Says O’Dowd, “I was a student in University College Dublin studying politics and I planned to become a political speech writer. But somehow along the way I discovered the UCD Drama Society and I discovered I could have huge fun prattling around a stage.
“I got really into it. Eventually I decided that I liked it so much I applied to the London Academy of Music and Dramatic Art (LAMDA) to study acting.”
O’Dowd’s typically cautious Irish parents insisted that he first finish his UCD politics degree before making a go of the acting life, but they were totally supportive of his choice from day one, and he’s deeply grateful to them.
“They loved the idea of me becoming an actor and they were always completely behind the whole thing,” he says.
“I think seeing me in a few shows helped. I was in a touring production of The Playboy of the Western World around Ireland and they came to see me in that and in other productions. That let them know I was serious.”
After leaving LAMDA, O’Dowd worked in a series of temp jobs in London as he struggled to find his big break.
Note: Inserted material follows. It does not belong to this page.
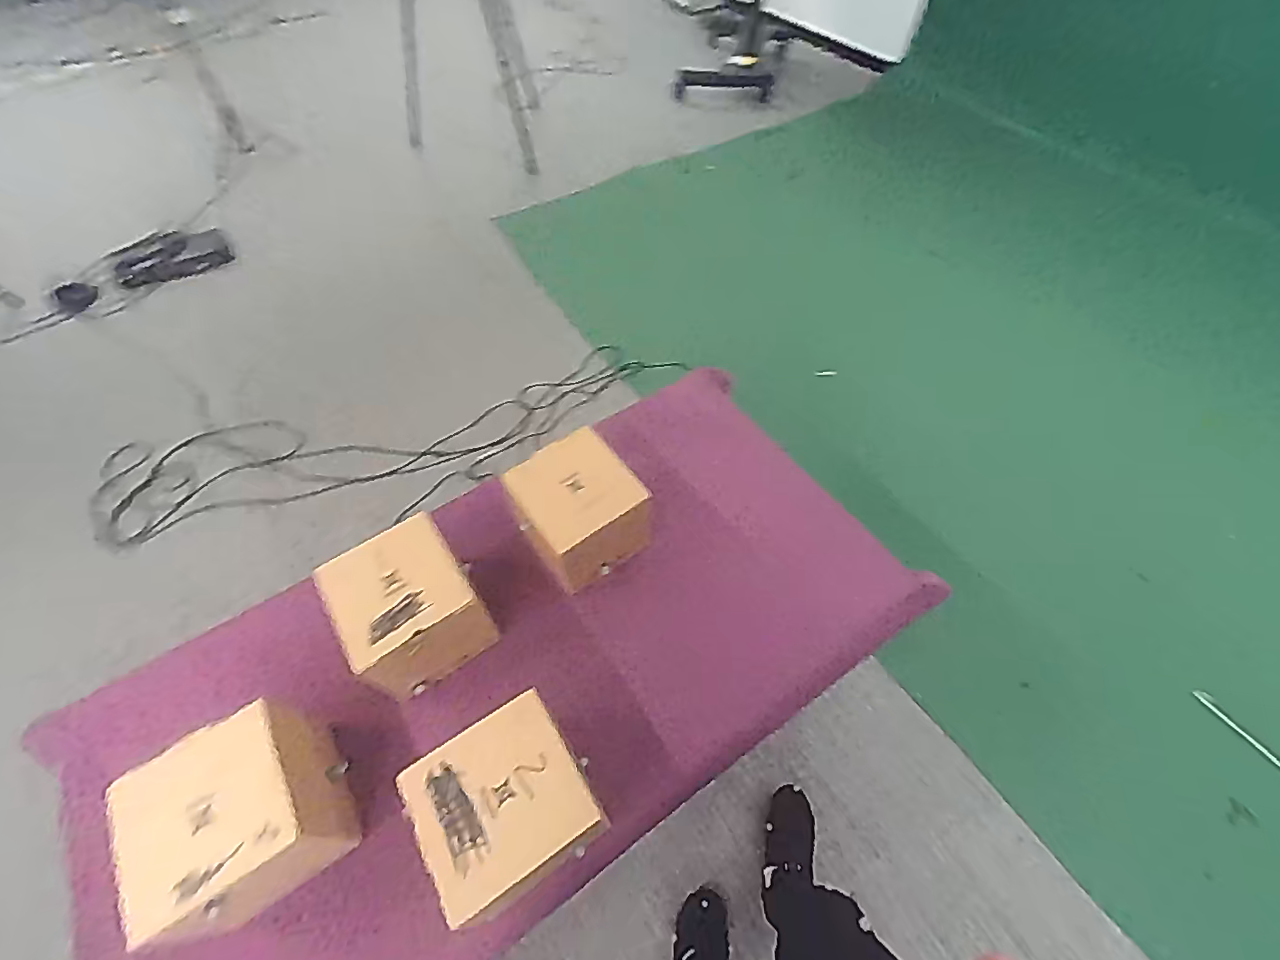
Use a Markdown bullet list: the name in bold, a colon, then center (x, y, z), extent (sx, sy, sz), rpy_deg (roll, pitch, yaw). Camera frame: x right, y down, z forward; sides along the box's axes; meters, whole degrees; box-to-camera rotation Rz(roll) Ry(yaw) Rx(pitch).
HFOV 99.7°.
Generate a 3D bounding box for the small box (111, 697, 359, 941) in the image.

Picking up theater work, he befriended British actor Richard Ayoade, who suggested him to casting agents for a new series on British television, and it turned out that two would be become famous at the same time on the same show.
When Graham Linehan, the eccentric Irish genius behind the anarchic comedy show Father Ted, was looking for a young actor for his new comedy The IT Crowd he thought of O’Dowd himself.
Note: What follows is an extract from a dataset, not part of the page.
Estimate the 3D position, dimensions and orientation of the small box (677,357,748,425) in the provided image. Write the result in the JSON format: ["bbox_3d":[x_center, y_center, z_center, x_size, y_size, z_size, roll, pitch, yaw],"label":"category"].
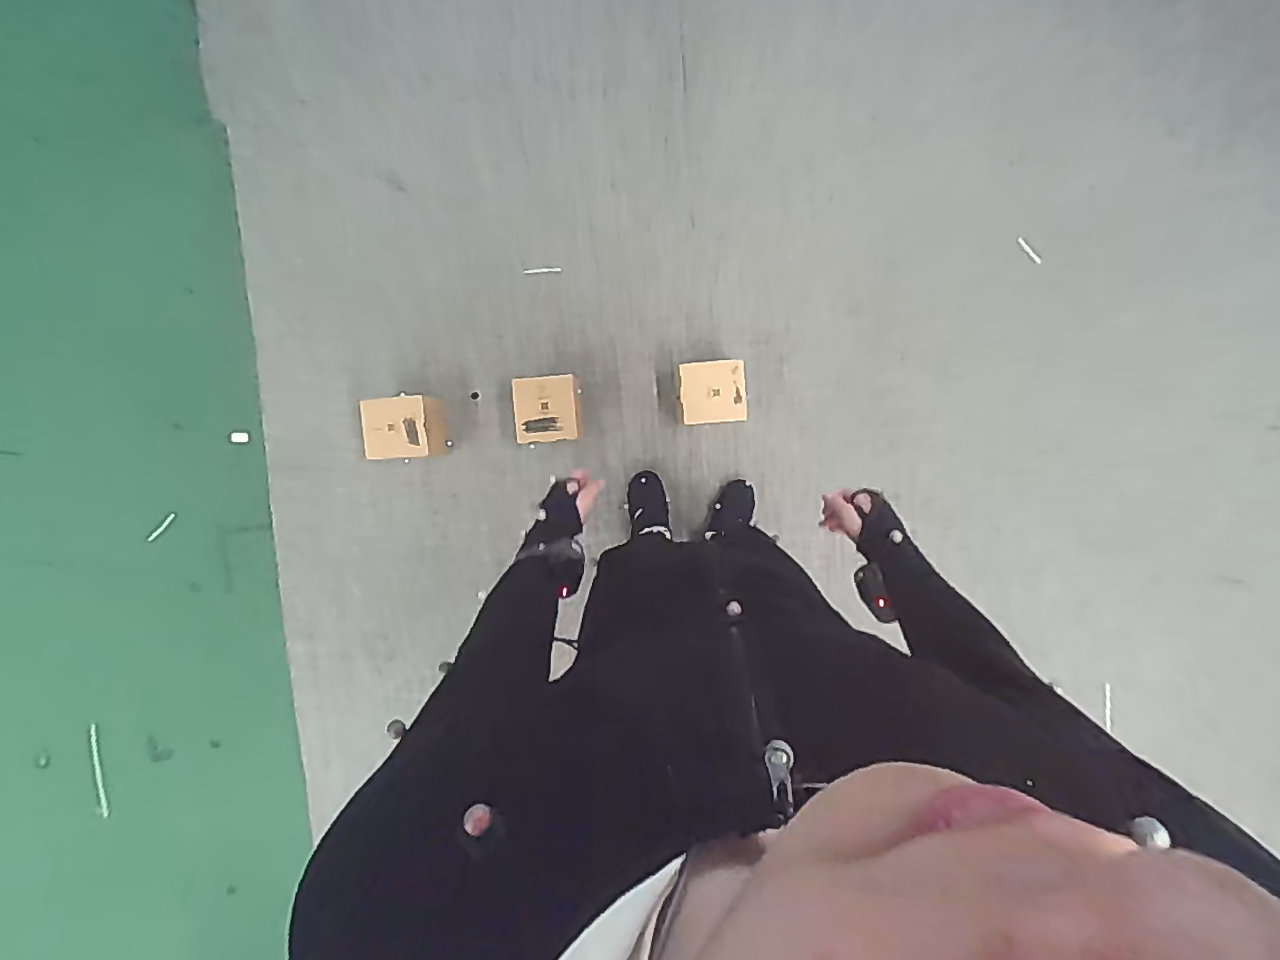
[{"bbox_3d":[0.195,-0.242,1.503,0.179,0.176,0.168,-4,94,1],"label":"small box"}]

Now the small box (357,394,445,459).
[{"bbox_3d":[-0.658,-0.148,1.512,0.179,0.176,0.168,-4,94,1],"label":"small box"}]

“He had seen me in a little cameo in Vera Drake, the Mike Leigh film, and although I had a tiny part he remembered it,” says O’Dowd.
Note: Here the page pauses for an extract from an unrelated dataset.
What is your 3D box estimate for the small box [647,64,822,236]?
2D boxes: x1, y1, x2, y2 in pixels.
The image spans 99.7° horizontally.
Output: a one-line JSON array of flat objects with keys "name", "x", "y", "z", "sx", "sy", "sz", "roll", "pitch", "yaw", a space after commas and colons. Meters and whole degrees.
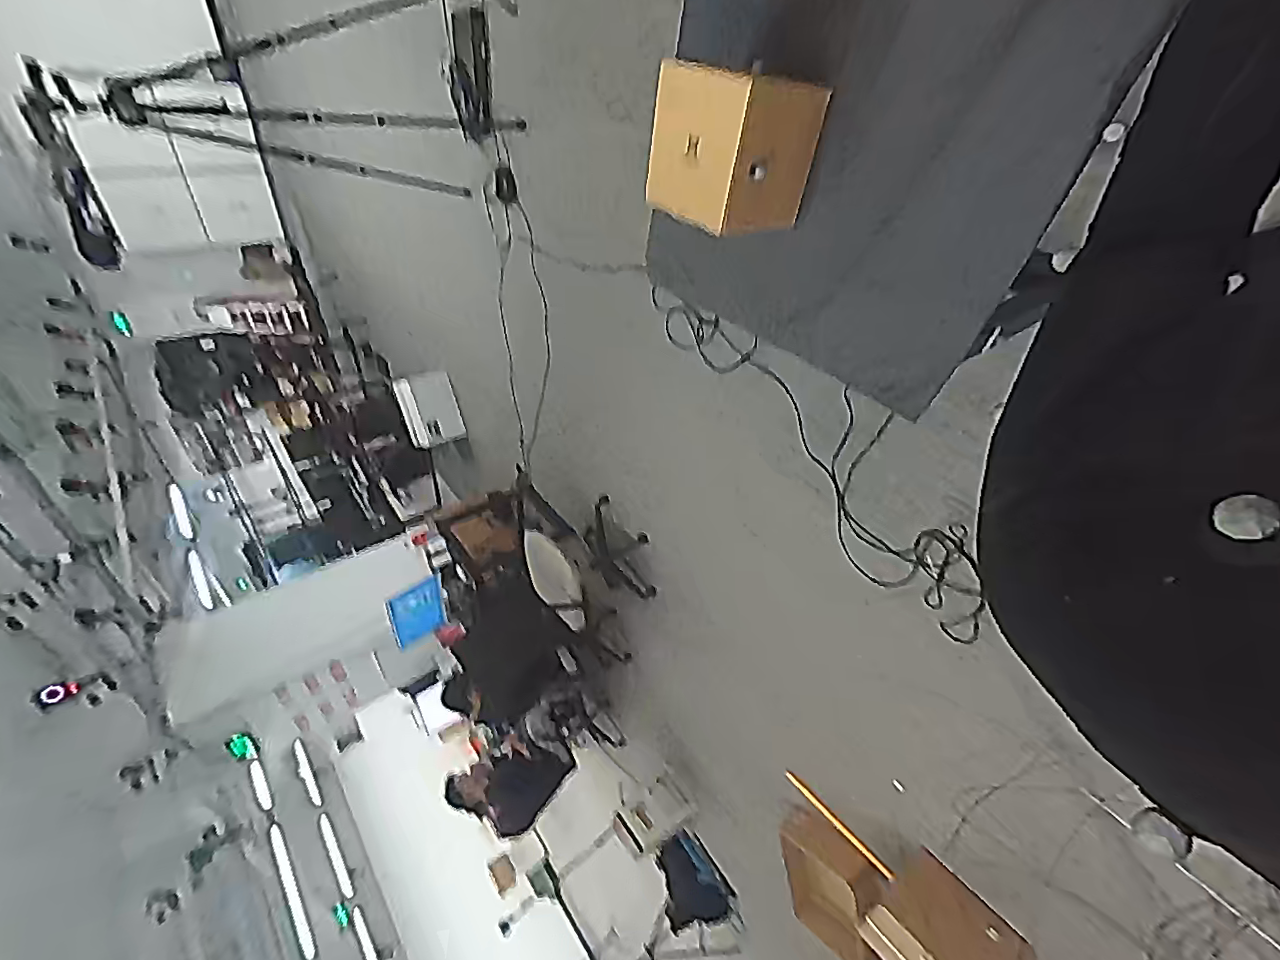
[{"name": "small box", "x": 0.134, "y": -0.477, "z": 0.779, "sx": 0.168, "sy": 0.176, "sz": 0.179, "roll": 41, "pitch": 141, "yaw": 33}]

“I didn’t know Graham, I’d never met him before but of course I knew his work, and I liked the grumpy IT technician character he created.”
In the role, film directors discovered he was a natural in both comedy and drama, and that versatility got him noticed right away for larger projects.
O’Dowd’s transition from the small screen to the silver screen happened remarkably quickly. This year he’ll be seen in the highly anticipated The Boat That Rocked, which charts the rise of pirate radio station Radio Caroline, a rock station based on an offshore boat that beat the strict licensing laws of the sixties by remaining far from land.
Co-starring Phillip Seymour Hoffman and Kenneth Branagh, who are widely considered to be two of the finest actors in the world, just to find himself among the cast is a vote of confidence in the emerging Irish actor.
This year O’Dowd will also be seen in another sixties based comedy called Hippie Hippie Shake, co-starring Cillian Murphy. The film charts the countercultural publishing industry scene of the sixties, and it takes us on a wild ride through the tumultuous decade.
Naturally funny, and a much more subtle actor than many of his contemporaries, the range of roles O’Dowd is winning is positioning him as both a serious and comedic lead actor.
Says O’Dowd, “This week I’m spending all my time trying to kill Jack Black. My character works closely with Jason Segel to bump him off. It’s mad fun really.”
Things are going well for O’Dowd and he sounds on top of the world, but you can also hear how hard he’s working – three films in one year and in July he’ll star on the West End in Under The Blue Sky, a play by David Eldridge.
Even as our interview concludes the costume department are knocking loudly on his dressing room door to call him back to the set of Gulliver’s Travels to shoot pick up scenes. It doesn’t leave him with much time to catch his breath.
Says O’Dowd, “I get over to Ireland every six weeks or so to see the family and hang out at home. I’m the youngest in the family and all the older ones are having babies now, so it seems like I’m always coming home for all the main religious festivals and christenings.
“It’s like the one time I get to relax now. But I can’t complain, I’m being paid well and the work is fun. Working on this scale is something I have to say I enjoy.”
And if all else fails he knows he can still fall back on his Irish politics degree from UCD.